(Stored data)
Start of Block
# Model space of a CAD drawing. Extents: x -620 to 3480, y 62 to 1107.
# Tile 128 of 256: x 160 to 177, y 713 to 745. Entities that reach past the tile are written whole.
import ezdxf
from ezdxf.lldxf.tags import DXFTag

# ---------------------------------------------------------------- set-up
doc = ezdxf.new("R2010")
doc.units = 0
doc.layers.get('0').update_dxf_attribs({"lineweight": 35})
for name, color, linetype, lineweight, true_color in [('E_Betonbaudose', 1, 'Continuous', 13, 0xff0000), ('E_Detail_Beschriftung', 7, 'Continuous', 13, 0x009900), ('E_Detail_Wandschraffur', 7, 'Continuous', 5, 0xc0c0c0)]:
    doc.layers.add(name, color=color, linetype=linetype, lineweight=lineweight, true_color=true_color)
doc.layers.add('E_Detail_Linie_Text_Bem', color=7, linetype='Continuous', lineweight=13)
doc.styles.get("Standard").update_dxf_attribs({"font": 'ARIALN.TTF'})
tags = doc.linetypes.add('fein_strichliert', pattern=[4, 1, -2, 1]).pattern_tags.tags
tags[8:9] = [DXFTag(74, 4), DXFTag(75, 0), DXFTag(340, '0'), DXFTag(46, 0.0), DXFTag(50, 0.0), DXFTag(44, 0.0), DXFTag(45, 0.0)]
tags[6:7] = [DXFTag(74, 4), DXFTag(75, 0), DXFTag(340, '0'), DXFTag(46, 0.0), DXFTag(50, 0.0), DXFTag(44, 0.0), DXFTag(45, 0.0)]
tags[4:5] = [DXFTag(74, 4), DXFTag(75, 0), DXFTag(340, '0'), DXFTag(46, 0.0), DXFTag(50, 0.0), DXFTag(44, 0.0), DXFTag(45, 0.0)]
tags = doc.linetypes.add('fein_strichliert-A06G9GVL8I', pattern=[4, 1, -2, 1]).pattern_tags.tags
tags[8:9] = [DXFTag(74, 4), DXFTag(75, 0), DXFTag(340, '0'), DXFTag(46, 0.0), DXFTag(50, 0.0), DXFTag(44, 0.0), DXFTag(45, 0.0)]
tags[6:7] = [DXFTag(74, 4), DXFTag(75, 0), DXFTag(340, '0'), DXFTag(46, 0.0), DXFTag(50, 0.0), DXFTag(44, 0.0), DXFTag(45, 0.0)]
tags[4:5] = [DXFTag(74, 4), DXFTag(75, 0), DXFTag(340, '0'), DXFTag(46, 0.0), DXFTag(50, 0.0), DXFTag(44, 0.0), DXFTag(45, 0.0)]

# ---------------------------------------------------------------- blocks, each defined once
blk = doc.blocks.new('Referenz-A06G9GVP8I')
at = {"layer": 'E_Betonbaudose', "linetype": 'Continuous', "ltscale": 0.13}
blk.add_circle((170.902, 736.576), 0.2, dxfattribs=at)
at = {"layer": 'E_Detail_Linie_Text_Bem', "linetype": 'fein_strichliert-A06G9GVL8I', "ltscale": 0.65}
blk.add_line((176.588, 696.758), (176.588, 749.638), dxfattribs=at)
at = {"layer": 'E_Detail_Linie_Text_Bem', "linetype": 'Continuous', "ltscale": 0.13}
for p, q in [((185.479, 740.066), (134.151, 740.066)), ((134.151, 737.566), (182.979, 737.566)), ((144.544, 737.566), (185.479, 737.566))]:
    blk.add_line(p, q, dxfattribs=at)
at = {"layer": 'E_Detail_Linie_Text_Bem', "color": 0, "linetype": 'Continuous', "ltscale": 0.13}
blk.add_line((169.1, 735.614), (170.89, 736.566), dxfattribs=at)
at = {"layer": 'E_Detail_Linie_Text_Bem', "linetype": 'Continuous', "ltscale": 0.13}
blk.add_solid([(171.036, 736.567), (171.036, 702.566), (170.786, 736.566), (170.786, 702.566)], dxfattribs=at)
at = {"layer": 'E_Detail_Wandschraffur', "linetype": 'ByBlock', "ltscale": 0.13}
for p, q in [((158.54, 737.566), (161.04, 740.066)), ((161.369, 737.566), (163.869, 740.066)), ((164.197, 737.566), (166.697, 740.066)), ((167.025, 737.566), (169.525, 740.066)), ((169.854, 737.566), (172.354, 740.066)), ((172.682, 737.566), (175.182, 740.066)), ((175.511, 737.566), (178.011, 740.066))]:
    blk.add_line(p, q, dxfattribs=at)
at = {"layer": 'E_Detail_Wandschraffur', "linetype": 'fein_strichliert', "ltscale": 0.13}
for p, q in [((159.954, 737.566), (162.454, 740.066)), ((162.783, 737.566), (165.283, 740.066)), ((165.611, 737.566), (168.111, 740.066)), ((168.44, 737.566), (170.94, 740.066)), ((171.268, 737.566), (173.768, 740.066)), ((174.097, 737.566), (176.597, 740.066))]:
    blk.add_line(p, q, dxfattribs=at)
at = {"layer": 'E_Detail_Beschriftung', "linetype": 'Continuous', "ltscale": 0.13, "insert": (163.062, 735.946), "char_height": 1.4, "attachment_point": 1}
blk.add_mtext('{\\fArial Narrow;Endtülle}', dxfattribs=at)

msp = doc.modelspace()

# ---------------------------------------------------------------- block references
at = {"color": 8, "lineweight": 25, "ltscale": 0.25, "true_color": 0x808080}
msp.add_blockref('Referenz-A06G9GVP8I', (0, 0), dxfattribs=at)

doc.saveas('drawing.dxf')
End of Block
**INSTRUCTIONS TO FOLLOW:**
Nothing may be left out. Retype all the entries exactly.

**YOUR SOLUTION:**
# Model space of a CAD drawing. Extents: x -620 to 3480, y 62 to 1107.
# Tile 128 of 256: x 160 to 177, y 713 to 745. Entities that reach past the tile are written whole.
import ezdxf
from ezdxf.lldxf.tags import DXFTag

# ---------------------------------------------------------------- set-up
doc = ezdxf.new("R2010")
doc.units = 0
doc.layers.get('0').update_dxf_attribs({"lineweight": 35})
for name, color, linetype, lineweight, true_color in [('E_Betonbaudose', 1, 'Continuous', 13, 0xff0000), ('E_Detail_Beschriftung', 7, 'Continuous', 13, 0x009900), ('E_Detail_Wandschraffur', 7, 'Continuous', 5, 0xc0c0c0)]:
    doc.layers.add(name, color=color, linetype=linetype, lineweight=lineweight, true_color=true_color)
doc.layers.add('E_Detail_Linie_Text_Bem', color=7, linetype='Continuous', lineweight=13)
doc.styles.get("Standard").update_dxf_attribs({"font": 'ARIALN.TTF'})
tags = doc.linetypes.add('fein_strichliert', pattern=[4, 1, -2, 1]).pattern_tags.tags
tags[8:9] = [DXFTag(74, 4), DXFTag(75, 0), DXFTag(340, '0'), DXFTag(46, 0.0), DXFTag(50, 0.0), DXFTag(44, 0.0), DXFTag(45, 0.0)]
tags[6:7] = [DXFTag(74, 4), DXFTag(75, 0), DXFTag(340, '0'), DXFTag(46, 0.0), DXFTag(50, 0.0), DXFTag(44, 0.0), DXFTag(45, 0.0)]
tags[4:5] = [DXFTag(74, 4), DXFTag(75, 0), DXFTag(340, '0'), DXFTag(46, 0.0), DXFTag(50, 0.0), DXFTag(44, 0.0), DXFTag(45, 0.0)]
tags = doc.linetypes.add('fein_strichliert-A06G9GVL8I', pattern=[4, 1, -2, 1]).pattern_tags.tags
tags[8:9] = [DXFTag(74, 4), DXFTag(75, 0), DXFTag(340, '0'), DXFTag(46, 0.0), DXFTag(50, 0.0), DXFTag(44, 0.0), DXFTag(45, 0.0)]
tags[6:7] = [DXFTag(74, 4), DXFTag(75, 0), DXFTag(340, '0'), DXFTag(46, 0.0), DXFTag(50, 0.0), DXFTag(44, 0.0), DXFTag(45, 0.0)]
tags[4:5] = [DXFTag(74, 4), DXFTag(75, 0), DXFTag(340, '0'), DXFTag(46, 0.0), DXFTag(50, 0.0), DXFTag(44, 0.0), DXFTag(45, 0.0)]

# ---------------------------------------------------------------- blocks, each defined once
blk = doc.blocks.new('Referenz-A06G9GVP8I')
at = {"layer": 'E_Betonbaudose', "linetype": 'Continuous', "ltscale": 0.13}
blk.add_circle((170.902, 736.576), 0.2, dxfattribs=at)
at = {"layer": 'E_Detail_Linie_Text_Bem', "linetype": 'fein_strichliert-A06G9GVL8I', "ltscale": 0.65}
blk.add_line((176.588, 696.758), (176.588, 749.638), dxfattribs=at)
at = {"layer": 'E_Detail_Linie_Text_Bem', "linetype": 'Continuous', "ltscale": 0.13}
for p, q in [((185.479, 740.066), (134.151, 740.066)), ((134.151, 737.566), (182.979, 737.566)), ((144.544, 737.566), (185.479, 737.566))]:
    blk.add_line(p, q, dxfattribs=at)
at = {"layer": 'E_Detail_Linie_Text_Bem', "color": 0, "linetype": 'Continuous', "ltscale": 0.13}
blk.add_line((169.1, 735.614), (170.89, 736.566), dxfattribs=at)
at = {"layer": 'E_Detail_Linie_Text_Bem', "linetype": 'Continuous', "ltscale": 0.13}
blk.add_solid([(171.036, 736.567), (171.036, 702.566), (170.786, 736.566), (170.786, 702.566)], dxfattribs=at)
at = {"layer": 'E_Detail_Wandschraffur', "linetype": 'ByBlock', "ltscale": 0.13}
for p, q in [((158.54, 737.566), (161.04, 740.066)), ((161.369, 737.566), (163.869, 740.066)), ((164.197, 737.566), (166.697, 740.066)), ((167.025, 737.566), (169.525, 740.066)), ((169.854, 737.566), (172.354, 740.066)), ((172.682, 737.566), (175.182, 740.066)), ((175.511, 737.566), (178.011, 740.066))]:
    blk.add_line(p, q, dxfattribs=at)
at = {"layer": 'E_Detail_Wandschraffur', "linetype": 'fein_strichliert', "ltscale": 0.13}
for p, q in [((159.954, 737.566), (162.454, 740.066)), ((162.783, 737.566), (165.283, 740.066)), ((165.611, 737.566), (168.111, 740.066)), ((168.44, 737.566), (170.94, 740.066)), ((171.268, 737.566), (173.768, 740.066)), ((174.097, 737.566), (176.597, 740.066))]:
    blk.add_line(p, q, dxfattribs=at)
at = {"layer": 'E_Detail_Beschriftung', "linetype": 'Continuous', "ltscale": 0.13, "insert": (163.062, 735.946), "char_height": 1.4, "attachment_point": 1}
blk.add_mtext('{\\fArial Narrow;Endtülle}', dxfattribs=at)

msp = doc.modelspace()

# ---------------------------------------------------------------- block references
at = {"color": 8, "lineweight": 25, "ltscale": 0.25, "true_color": 0x808080}
msp.add_blockref('Referenz-A06G9GVP8I', (0, 0), dxfattribs=at)

doc.saveas('drawing.dxf')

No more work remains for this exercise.